# How to play 1-bit samples

Topic: Development
Languages:

At Robsy's MSX Workshop you can download a tiny package that includes the asMSX sourcecode to replay 22,050 or 11,025 Hz WAV files in MSX using the keyboard click function. A program in C is also included to convert 8-bit mono WAV files to the 1-bit format that the program uses. An example ROM is also included.

This technique has been used by many well-known Japanese games, such as Runemaster II and also in Dutch games, such as Oh Shit!

Oh! You have used the s**t work! I meant "word". Sorry

actually, you did ^_^

Did I? Oh, f**k then! I'm sooooo sorry Why anyone would like to play 1-bit samples on MSX? There is one exeption, that I explained here: www.msx.org/forumtopic3562p12.html
...but this method does not need any conversion.

If you want to play samples on MSX, use PSG. This way you get 4bit or even 5.5bit. (Explained here: www.msx.org/forumtopic663p7.html)
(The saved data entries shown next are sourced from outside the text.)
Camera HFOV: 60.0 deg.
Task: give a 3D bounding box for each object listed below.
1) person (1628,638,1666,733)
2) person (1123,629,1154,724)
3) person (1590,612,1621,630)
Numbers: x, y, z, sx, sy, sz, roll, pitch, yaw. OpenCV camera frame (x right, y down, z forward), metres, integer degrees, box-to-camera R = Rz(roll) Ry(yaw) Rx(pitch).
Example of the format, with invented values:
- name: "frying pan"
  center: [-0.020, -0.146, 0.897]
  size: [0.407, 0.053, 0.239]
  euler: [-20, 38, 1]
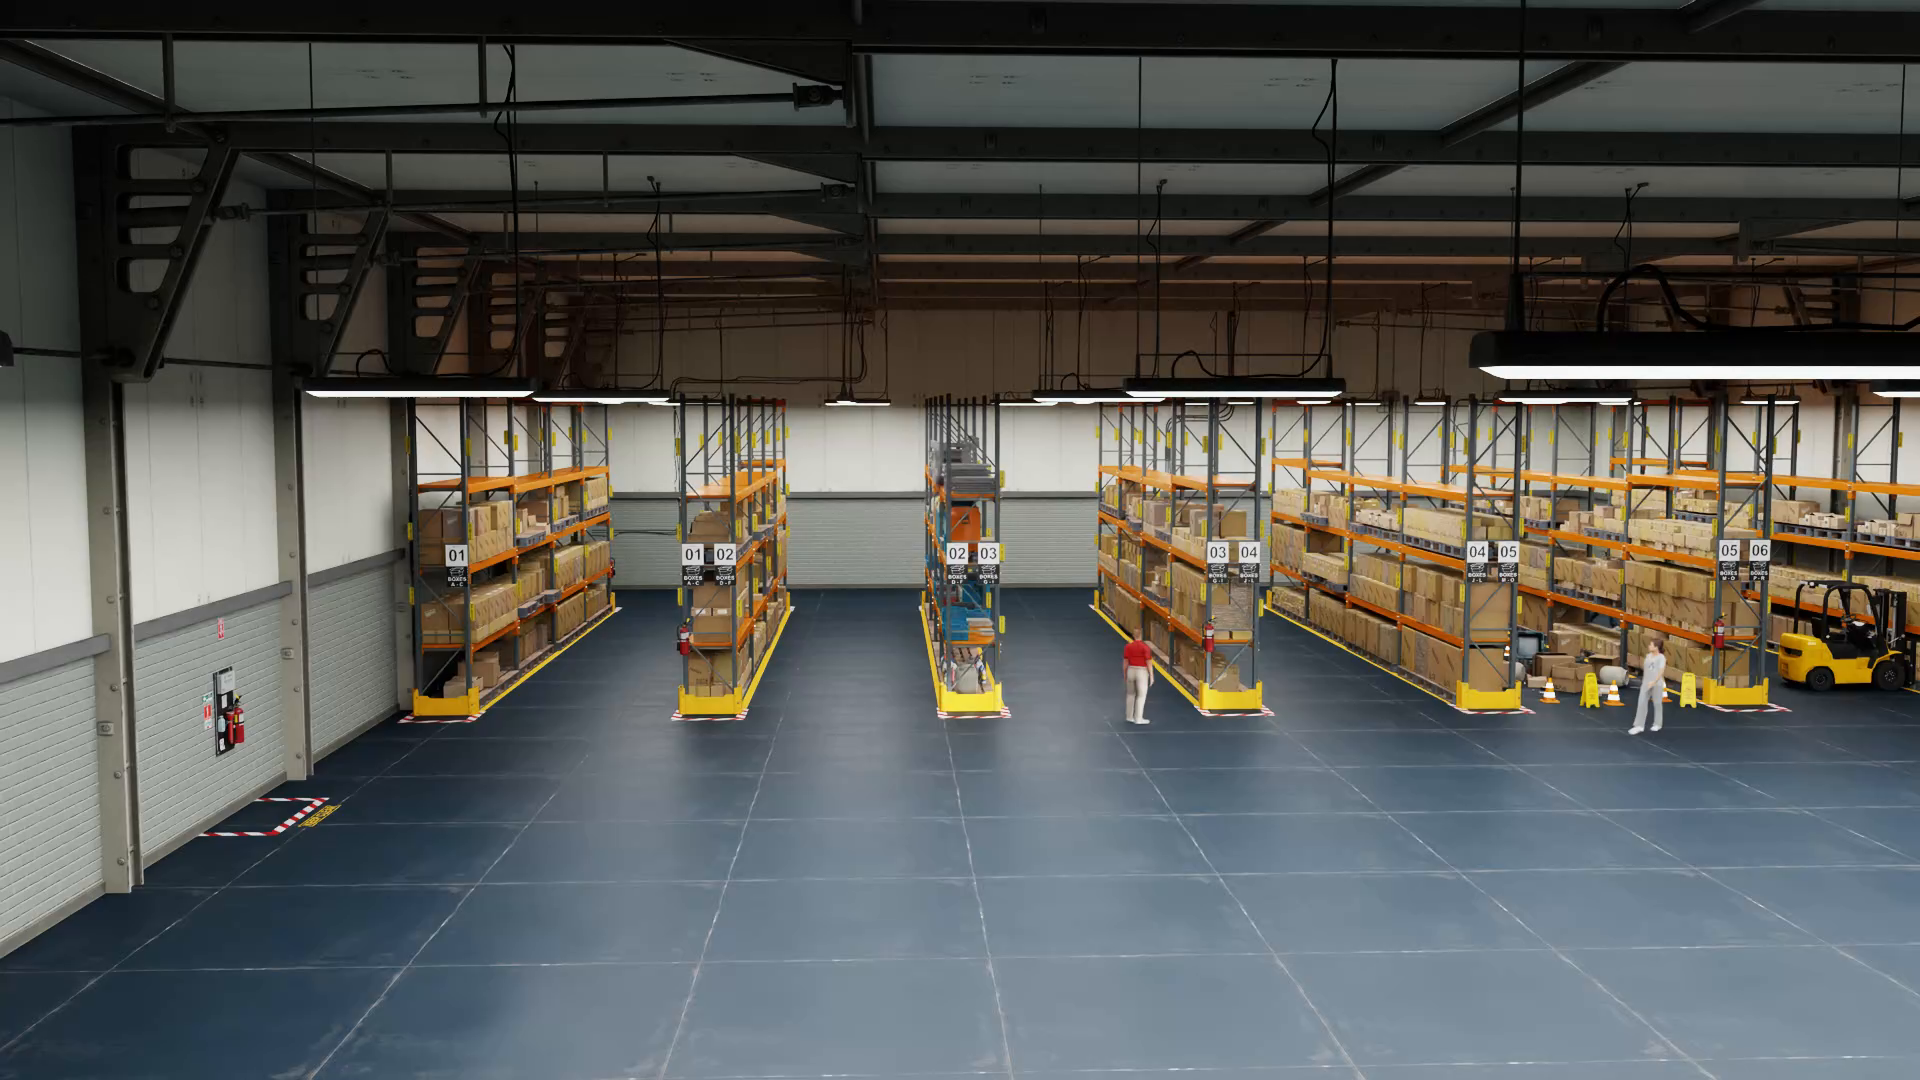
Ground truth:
- name: "person"
  center: [12.192, 2.574, 29.345]
  size: [0.785, 1.652, 0.441]
  euler: [-4, 6, -44]
- name: "person"
  center: [3.279, 2.492, 30.254]
  size: [0.594, 1.767, 0.460]
  euler: [3, 6, 36]
- name: "person"
  center: [16.702, 1.532, 43.066]
  size: [0.940, 1.552, 0.531]
  euler: [4, 6, 44]

Well, I agree that 4-bit PCM is far better in quality BUT it also multiplies by a 4 factor the sample size. That is a problem for tiny MSX1 productions, I am afraid. Anyway, today I will do some tests about 4-bit PCM using the PSG and sample-compression.

Reeeaaalllyy cool! I'm going do my own "Here's johnny, franky, willy and joey!" heheh, or "I repeat, this is our -last- attack". it's
"this is joey, paul, willie and frankie" *rolleyes*

sorry, oh-shit purist here ;P

PLEASE USE THE PSG AND DATA COMPRESSION!!!
You can store data using a very simple compressor (DPCM at 1 or 2 bits) and play at 4bits!!! The quality is very good and the algorithm easy and well known

PS
Having a prediction filter of 3 taps means 3 multiplications and two additions per sample. Using simplifyed (non adapted) taps you can replace multiplications by shifts.
If you use a prediction filter of 3-4 taps you can have easily a sampling rate of 8KHz.
Storing data at 1bit you get 4bit quality!!!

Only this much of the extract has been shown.